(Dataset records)
++++++++++
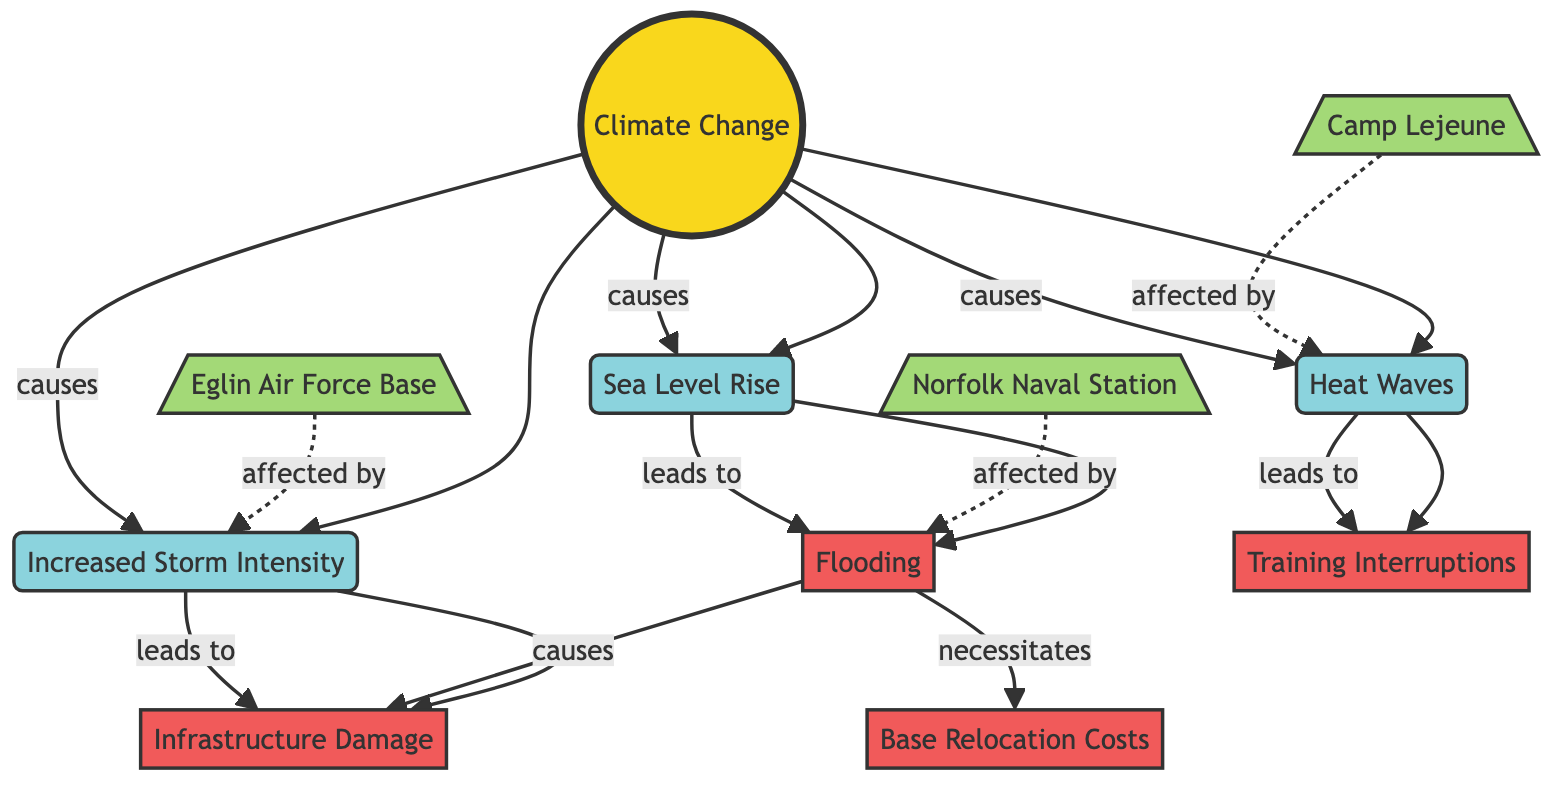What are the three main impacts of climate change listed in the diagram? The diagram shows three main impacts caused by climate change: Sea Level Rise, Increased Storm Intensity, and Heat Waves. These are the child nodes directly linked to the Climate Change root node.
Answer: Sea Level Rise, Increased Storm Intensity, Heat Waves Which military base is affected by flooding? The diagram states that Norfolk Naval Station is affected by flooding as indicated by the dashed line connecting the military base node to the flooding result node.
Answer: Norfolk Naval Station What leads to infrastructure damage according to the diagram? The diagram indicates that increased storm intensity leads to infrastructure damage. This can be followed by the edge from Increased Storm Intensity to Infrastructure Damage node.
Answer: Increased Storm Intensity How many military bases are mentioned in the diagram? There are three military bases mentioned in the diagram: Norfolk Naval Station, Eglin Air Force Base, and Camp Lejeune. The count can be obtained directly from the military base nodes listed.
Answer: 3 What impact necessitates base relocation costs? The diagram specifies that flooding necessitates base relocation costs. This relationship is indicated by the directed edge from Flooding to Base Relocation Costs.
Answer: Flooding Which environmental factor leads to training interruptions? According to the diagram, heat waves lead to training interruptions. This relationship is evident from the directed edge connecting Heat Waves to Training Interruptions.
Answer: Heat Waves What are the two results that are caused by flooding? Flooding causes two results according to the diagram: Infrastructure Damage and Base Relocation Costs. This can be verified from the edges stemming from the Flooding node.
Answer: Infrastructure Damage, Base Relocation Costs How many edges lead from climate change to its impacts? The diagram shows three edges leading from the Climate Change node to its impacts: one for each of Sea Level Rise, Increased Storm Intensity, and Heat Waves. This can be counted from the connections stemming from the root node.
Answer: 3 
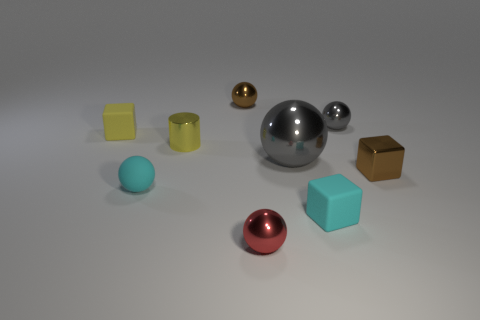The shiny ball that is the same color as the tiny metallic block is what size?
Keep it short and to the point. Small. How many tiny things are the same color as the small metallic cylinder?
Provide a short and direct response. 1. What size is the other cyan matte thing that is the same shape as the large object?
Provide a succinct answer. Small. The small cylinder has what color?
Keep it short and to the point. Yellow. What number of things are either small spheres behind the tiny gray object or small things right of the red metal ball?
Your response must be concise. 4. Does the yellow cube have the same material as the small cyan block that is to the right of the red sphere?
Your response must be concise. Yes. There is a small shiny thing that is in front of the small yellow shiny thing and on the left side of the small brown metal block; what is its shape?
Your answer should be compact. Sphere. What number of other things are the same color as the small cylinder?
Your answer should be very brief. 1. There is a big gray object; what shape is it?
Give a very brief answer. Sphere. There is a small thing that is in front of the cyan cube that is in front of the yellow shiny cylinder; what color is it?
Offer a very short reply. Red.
++++++++++
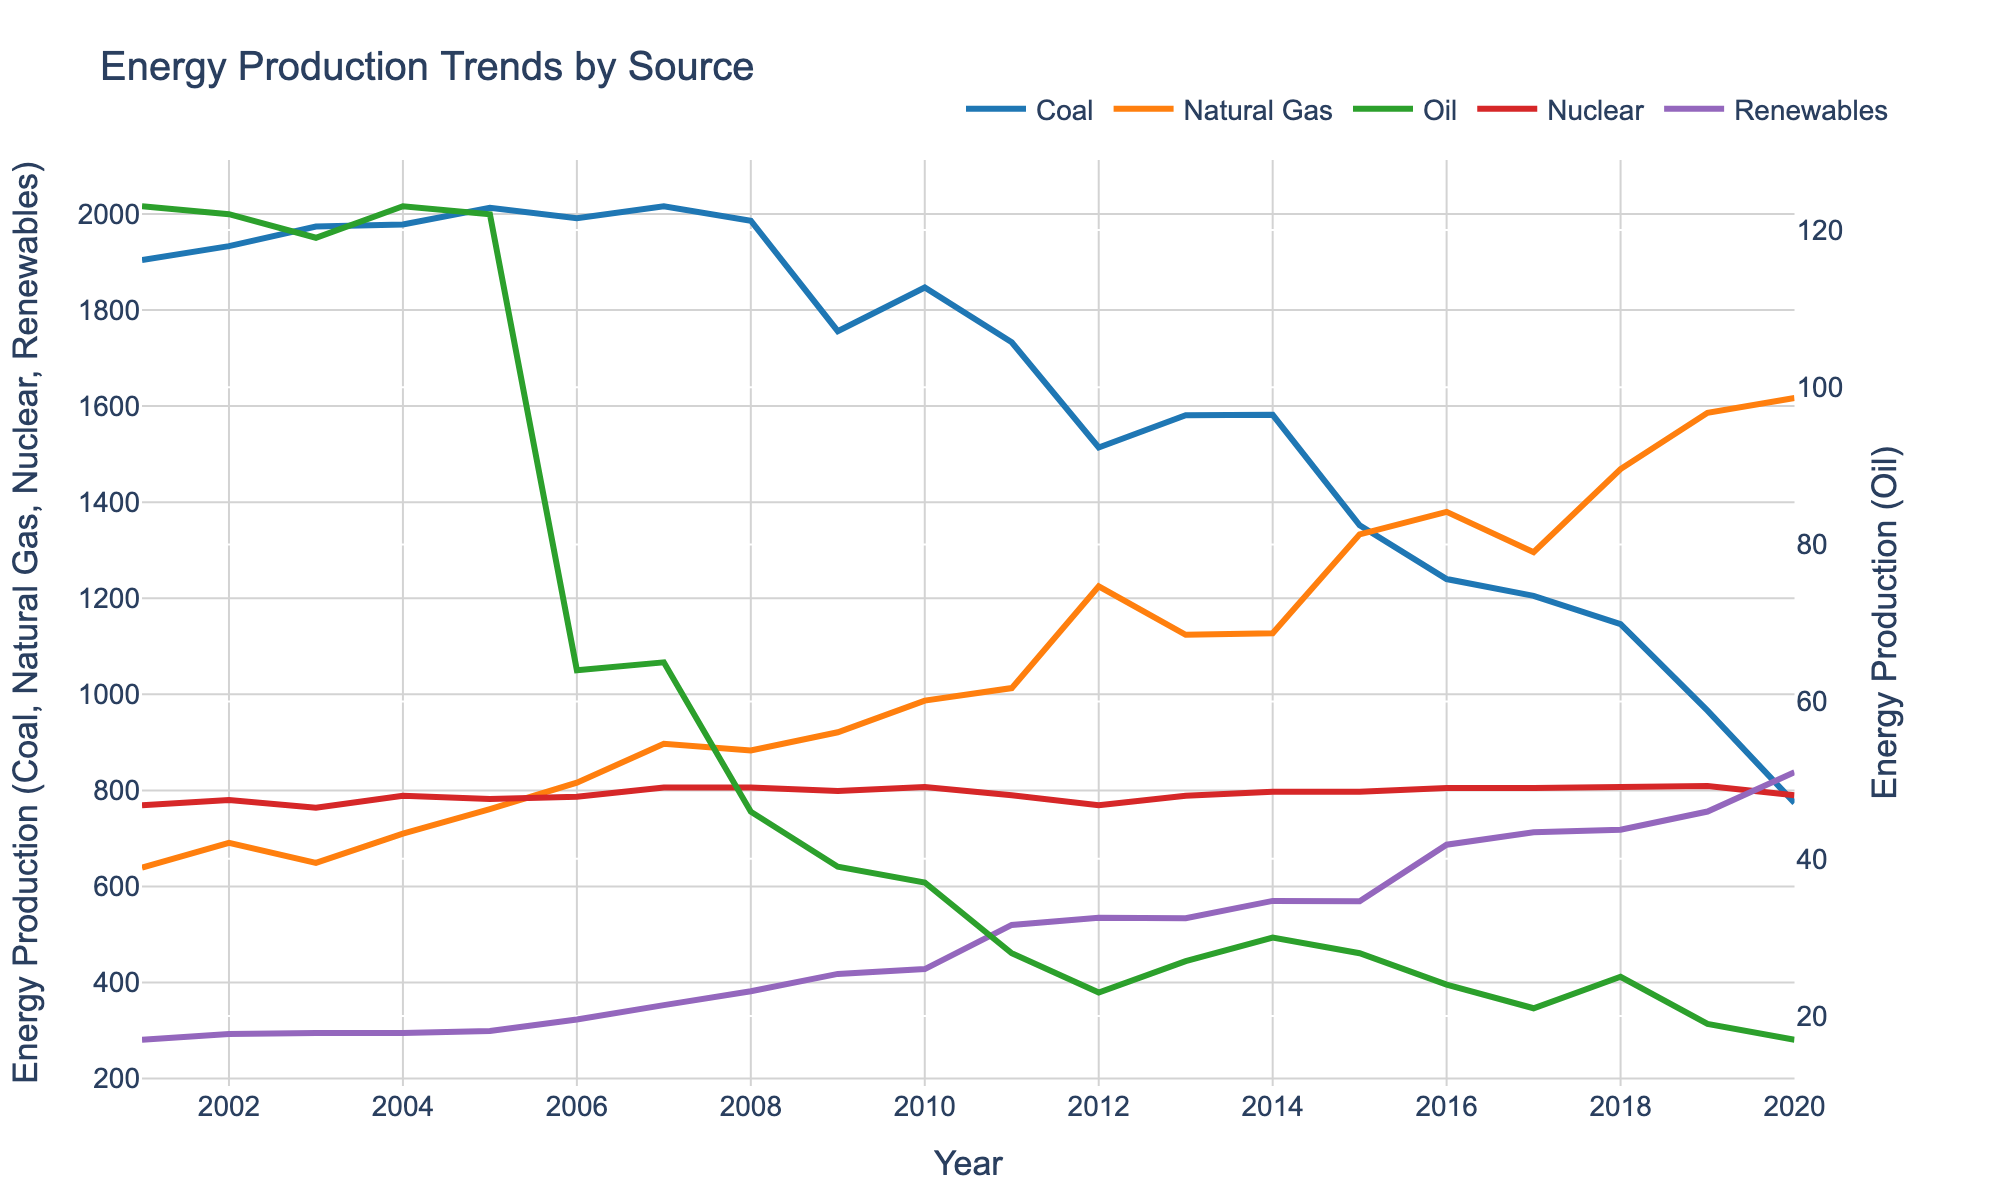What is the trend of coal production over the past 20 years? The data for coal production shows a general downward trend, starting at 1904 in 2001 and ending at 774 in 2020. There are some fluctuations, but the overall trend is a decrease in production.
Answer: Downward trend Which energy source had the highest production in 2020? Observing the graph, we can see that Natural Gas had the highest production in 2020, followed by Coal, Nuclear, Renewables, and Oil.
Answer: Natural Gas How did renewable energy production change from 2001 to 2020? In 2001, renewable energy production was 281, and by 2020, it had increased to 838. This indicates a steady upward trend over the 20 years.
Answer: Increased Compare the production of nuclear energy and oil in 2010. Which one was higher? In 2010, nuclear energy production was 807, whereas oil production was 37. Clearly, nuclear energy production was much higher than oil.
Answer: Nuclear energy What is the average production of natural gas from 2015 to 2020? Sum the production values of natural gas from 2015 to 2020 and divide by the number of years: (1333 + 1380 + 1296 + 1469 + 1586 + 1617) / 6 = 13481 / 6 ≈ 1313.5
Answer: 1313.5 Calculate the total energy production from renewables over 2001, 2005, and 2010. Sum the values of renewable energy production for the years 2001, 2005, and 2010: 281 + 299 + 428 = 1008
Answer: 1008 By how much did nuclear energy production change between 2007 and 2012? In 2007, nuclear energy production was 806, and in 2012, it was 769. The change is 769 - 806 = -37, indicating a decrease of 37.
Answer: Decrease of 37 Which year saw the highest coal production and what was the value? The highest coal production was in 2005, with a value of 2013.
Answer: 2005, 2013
++++++++++
(What is required): Each line from the one that contains "What are the three" down to the one that contains "Answer: Norfolk Naval" is to be returned exactly as it stands above, both ends included, with pictures removed.

(Your solution):
What are the three main impacts of climate change listed in the diagram? The diagram shows three main impacts caused by climate change: Sea Level Rise, Increased Storm Intensity, and Heat Waves. These are the child nodes directly linked to the Climate Change root node.
Answer: Sea Level Rise, Increased Storm Intensity, Heat Waves Which military base is affected by flooding? The diagram states that Norfolk Naval Station is affected by flooding as indicated by the dashed line connecting the military base node to the flooding result node.
Answer: Norfolk Naval Station What leads to infrastructure damage according to the diagram? The diagram indicates that increased storm intensity leads to infrastructure damage. This can be followed by the edge from Increased Storm Intensity to Infrastructure Damage node.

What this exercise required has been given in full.